PROVIDED DATA Block Start

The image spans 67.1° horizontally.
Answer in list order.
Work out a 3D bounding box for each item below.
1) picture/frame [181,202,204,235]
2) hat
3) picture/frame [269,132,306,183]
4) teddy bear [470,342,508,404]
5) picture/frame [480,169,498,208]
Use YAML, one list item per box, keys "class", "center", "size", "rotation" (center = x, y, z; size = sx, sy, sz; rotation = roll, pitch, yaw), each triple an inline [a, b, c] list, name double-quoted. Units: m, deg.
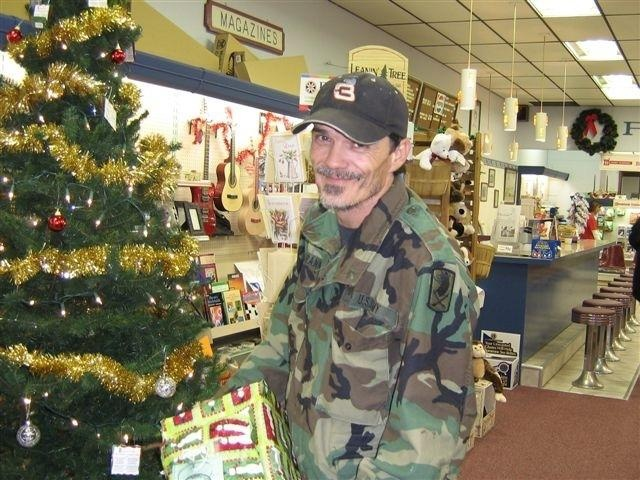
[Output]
- class: "picture/frame"
  center: [-0.963, -0.169, 3.785]
  size: [0.152, 0.235, 0.134]
  rotation: [-7, 19, 5]
- class: "hat"
  center: [0.134, -0.435, 1.589]
  size: [0.316, 0.238, 0.452]
  rotation: [12, 11, 20]
- class: "picture/frame"
  center: [-0.202, -0.520, 3.100]
  size: [0.262, 0.296, 0.076]
  rotation: [1, 8, 31]
- class: "teddy bear"
  center: [1.481, 1.206, 4.434]
  size: [0.313, 0.506, 0.405]
  rotation: [-4, 2, -27]
- class: "picture/frame"
  center: [4.732, -1.442, 13.354]
  size: [0.332, 1.102, 1.834]
  rotation: [3, 4, 25]
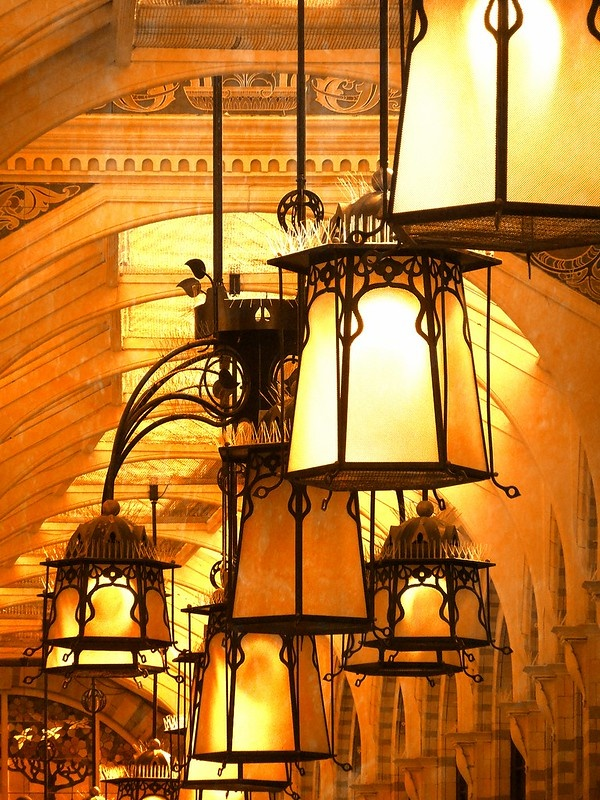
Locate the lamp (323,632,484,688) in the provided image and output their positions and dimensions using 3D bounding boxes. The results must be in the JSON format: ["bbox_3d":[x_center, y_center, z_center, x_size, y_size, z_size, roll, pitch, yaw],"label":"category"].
[{"bbox_3d":[0.386,0.976,8.602,0.527,0.167,0.598,-12,-9,41],"label":"lamp"}]

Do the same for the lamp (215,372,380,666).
[{"bbox_3d":[-0.108,0.421,7.318,0.600,1.133,0.633,-3,-5,24],"label":"lamp"}]

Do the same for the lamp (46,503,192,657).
[{"bbox_3d":[-0.716,0.690,8.729,0.504,0.936,0.529,3,-14,-7],"label":"lamp"}]

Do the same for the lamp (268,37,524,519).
[{"bbox_3d":[0.244,-0.149,6.317,0.570,0.705,0.584,-2,5,-28],"label":"lamp"}]

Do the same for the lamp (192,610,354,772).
[{"bbox_3d":[-0.074,1.047,8.071,0.451,0.611,0.535,1,-12,-11],"label":"lamp"}]

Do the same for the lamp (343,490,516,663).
[{"bbox_3d":[0.467,0.657,8.677,0.503,0.630,0.539,0,3,-40],"label":"lamp"}]
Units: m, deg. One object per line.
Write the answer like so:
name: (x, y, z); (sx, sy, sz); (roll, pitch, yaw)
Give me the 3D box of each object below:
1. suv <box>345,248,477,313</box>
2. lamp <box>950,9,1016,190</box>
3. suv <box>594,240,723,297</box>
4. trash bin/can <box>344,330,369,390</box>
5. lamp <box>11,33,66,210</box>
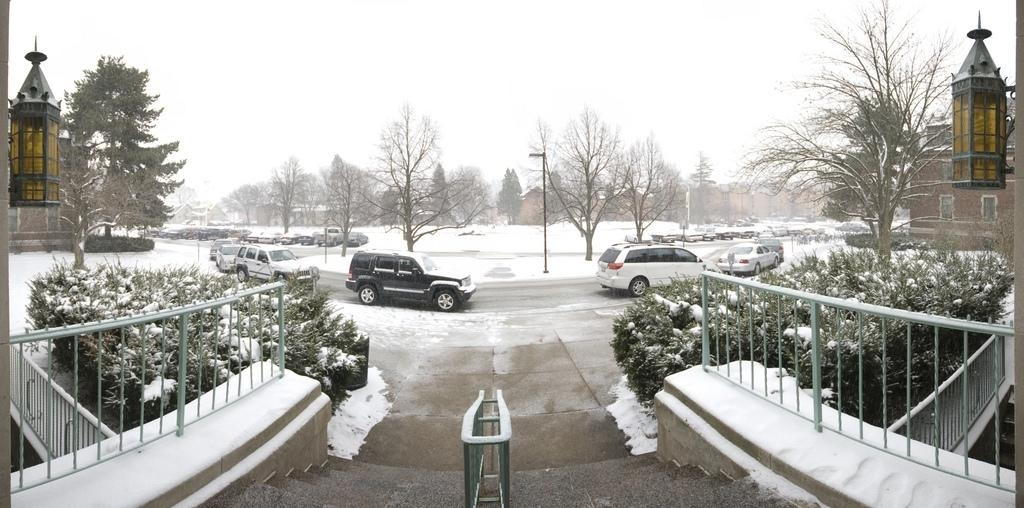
suv: (-4.027, 1.074, 30.657); (5.034, 2.134, 2.434); (0, 5, 12)
lamp: (12.284, -3.674, 18.833); (1.315, 3.858, 0.792); (-1, 4, 21)
suv: (6.426, 0.608, 32.135); (4.761, 1.639, 2.289); (-5, 4, -12)
trash bin/can: (-4.730, 3.324, 21.768); (0.614, 1.669, 1.285); (-3, 4, -3)
lamp: (-12.444, -3.293, 18.634); (1.249, 4.089, 0.916); (-5, 5, -33)
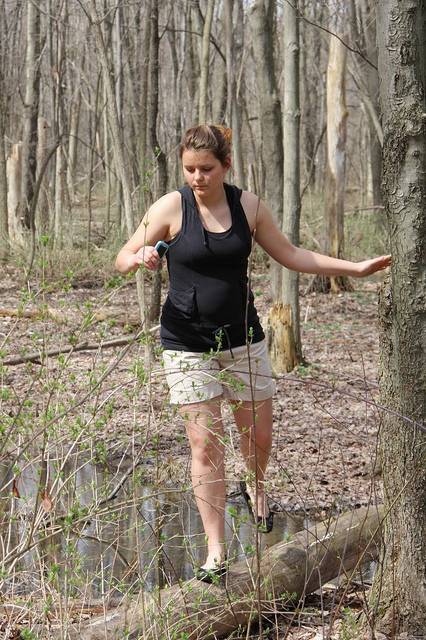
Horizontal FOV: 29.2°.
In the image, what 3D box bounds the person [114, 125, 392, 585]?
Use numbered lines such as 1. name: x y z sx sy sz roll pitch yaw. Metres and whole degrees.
1. person: 0.026 0.173 3.346 0.713 1.938 0.975 0 3 31
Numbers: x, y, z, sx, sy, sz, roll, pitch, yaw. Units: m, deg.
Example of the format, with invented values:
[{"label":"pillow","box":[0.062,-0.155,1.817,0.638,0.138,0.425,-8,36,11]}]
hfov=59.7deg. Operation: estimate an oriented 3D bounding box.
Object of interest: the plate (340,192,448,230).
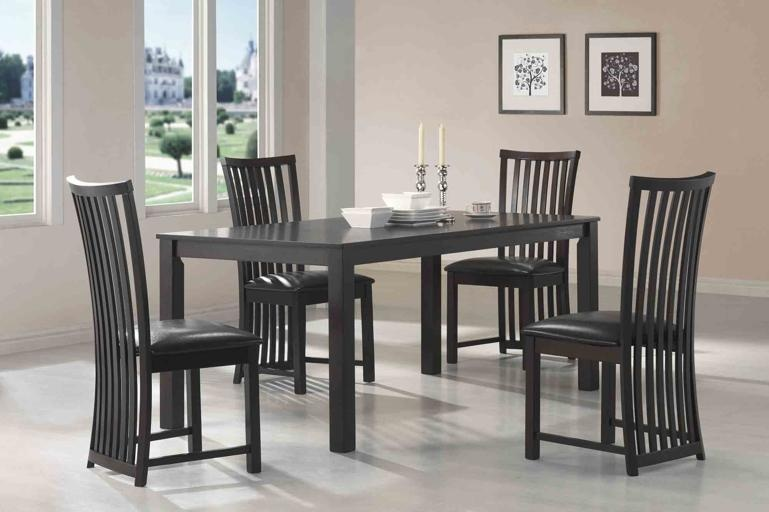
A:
[{"label":"plate","box":[0.087,-0.236,3.601,0.273,0.113,0.411,5,8,43]}]

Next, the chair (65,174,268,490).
[{"label":"chair","box":[-0.873,0.290,2.722,0.708,1.197,0.426,-3,12,-17]}]

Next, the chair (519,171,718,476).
[{"label":"chair","box":[1.032,0.275,3.012,0.815,1.132,0.757,1,-3,-17]}]

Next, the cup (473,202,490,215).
[{"label":"cup","box":[0.569,-0.269,3.928,0.120,0.064,0.112,0,4,0]}]

PROVIDED DATA Block End

The answer must consist of each line from the entries that contains the string "item".

Work out a 3D bounding box for each item below.
Use YAML, one list item per box, keys "class", "center", "size", "rotation" (center = x, y, z; size = sx, sy, sz; rotation = roll, pitch, yaw), each triple an inline [a, b, c] list, name double-quoted. Units: m, deg.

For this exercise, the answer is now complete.